Erlang solution for Euler problem 23

In project Euler problem number 23 we are asked to find the sum of all the positive integers which cannot be written as the sum of two abundant numbers.

In the problem description we are told that we only need to try the numbers up to 28123.

The function sum_of_divisors(N) to determine the sum of the proper divisors of a number N has been used before, more recently in project Euler problem number 21.

Once we have sum_of_divisors/1, the function is_abundant(N) which determines whether a given number N is an abundant number is trivial to write.

This, in turn, allows us to write all_abundant_numbers_up_to(Max) which computes the list of all abundant numbers up to and including Max in order of increasing value. We use this function to compute all abundant number up to 28123.

The next step is to write function all_pairs_of_abundant_numbers_up_to(Max) which computes a list of which contains all numbers N which satisfy the following two conditions:

1. N = N1 + N2 where N1 and N2 are both amicable numbers.
2. N <= Max.

The next step is to write a function all_non_pairs_up_to(Max) which generates a list of numbers up to and including Max which are not a sum of two amicable numbers. We do this by sorting the list we generated in the previous step and finding all "holes" in the list. Note that we have to deal with the fact that the sorted list contains dupplicates.

Putting it all together we end up with the following Erlang program. Note that we make extensive use of list comprehensions.

The run time of this implementation (on my MacBook Pro) is 41 seconds which is only barely within the allowed one minute. That, along with the rather complex structure of the program, makes me think there is a short-cut which I missed. After punching in my correct solution I browsed the message board for problem 23. It turns out there is a much faster way to find the sum of factors which only loops to sqrt(N) instead of N/2.
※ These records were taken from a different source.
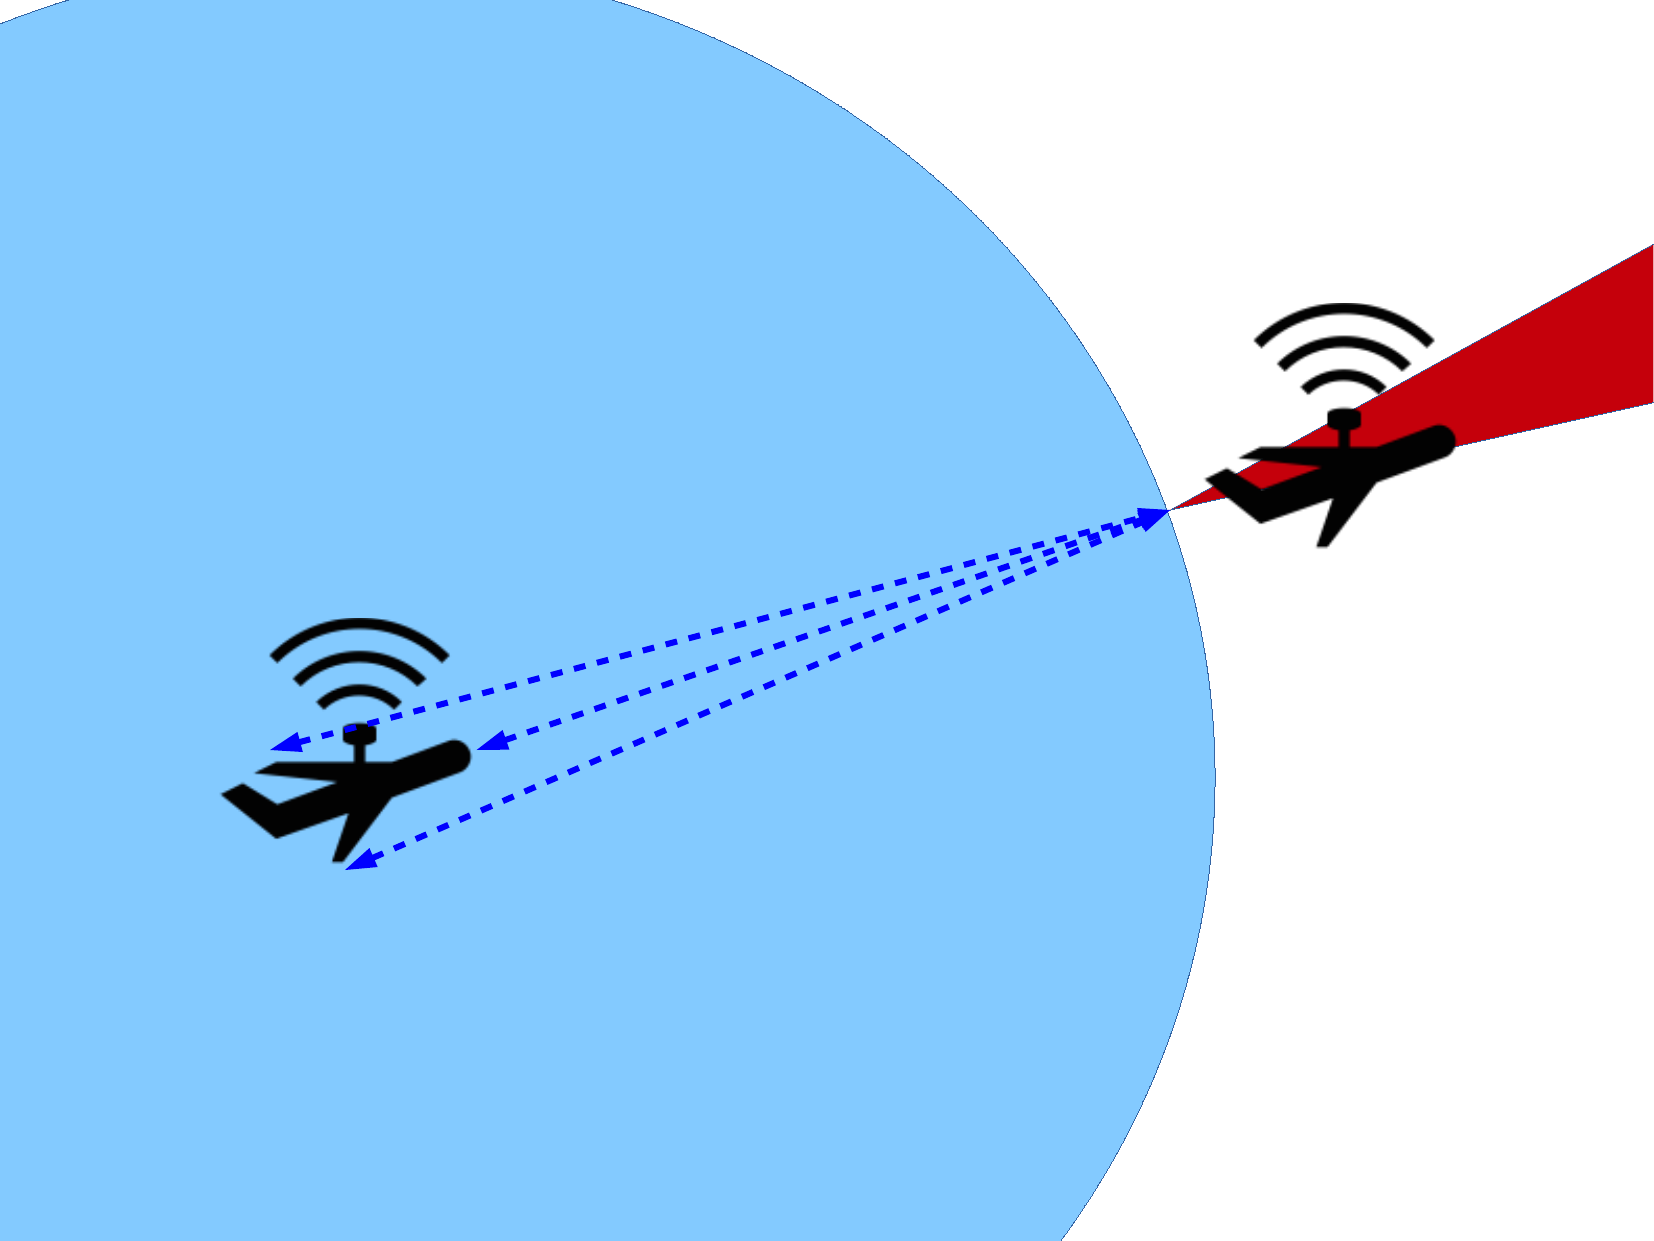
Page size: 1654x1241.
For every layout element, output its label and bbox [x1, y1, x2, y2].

text_box [1462, 243, 1654, 446]
picture [1194, 303, 1462, 570]
text_box [1170, 496, 1194, 510]
picture [210, 618, 477, 886]
text_box [0, 0, 1216, 1241]

%% Project Euler, problem 23
%% 
%% Find the sum of all the positive integers which cannot be written as the sum of two abundant numbers.

-module(euler23).
-author('Cayle Spandon').

-export([solve/0]).

sum_of_divisors(N) -> 
    sum_of_divisors(N, 1, N div 2, 0).

sum_of_divisors(N, Try, MaxTry, Sum) ->
    if 
        Try > MaxTry ->
            Sum;
        N rem Try == 0 ->
            sum_of_divisors(N, Try + 1, MaxTry, Sum + Try);
        true ->
            sum_of_divisors(N, Try + 1, MaxTry, Sum)
    end.

is_abundant(N) ->
    sum_of_divisors(N) > N.

all_abundant_numbers_up_to(Max) ->
    [ N || N <- lists:seq(1, Max), is_abundant(N) ].

all_pairs_of_abundant_numbers_up_to(Max) ->
    AbundantNumbers = all_abundant_numbers_up_to(Max),
    [ N1 + N2 || N1 <- AbundantNumbers, N2 <- AbundantNumbers, N1 + N2 =< Max ].

all_non_pairs_up_to(Max) ->
    Pairs = all_pairs_of_abundant_numbers_up_to(Max),
    SortedPairs = lists:sort(Pairs),
    holes_in_list([ 0 | SortedPairs]).

holes_in_list([H1, H2 | Tail]) when H2 > H1 + 1 ->
    lists:seq(H1 + 1, H2 - 1) ++ holes_in_list([H2 | Tail]);
holes_in_list([_H1, H2 | Tail]) ->
    holes_in_list([H2 | Tail]);
holes_in_list(_List) ->
    [].

solve() -> 
    lists:sum(all_non_pairs_up_to(28123)).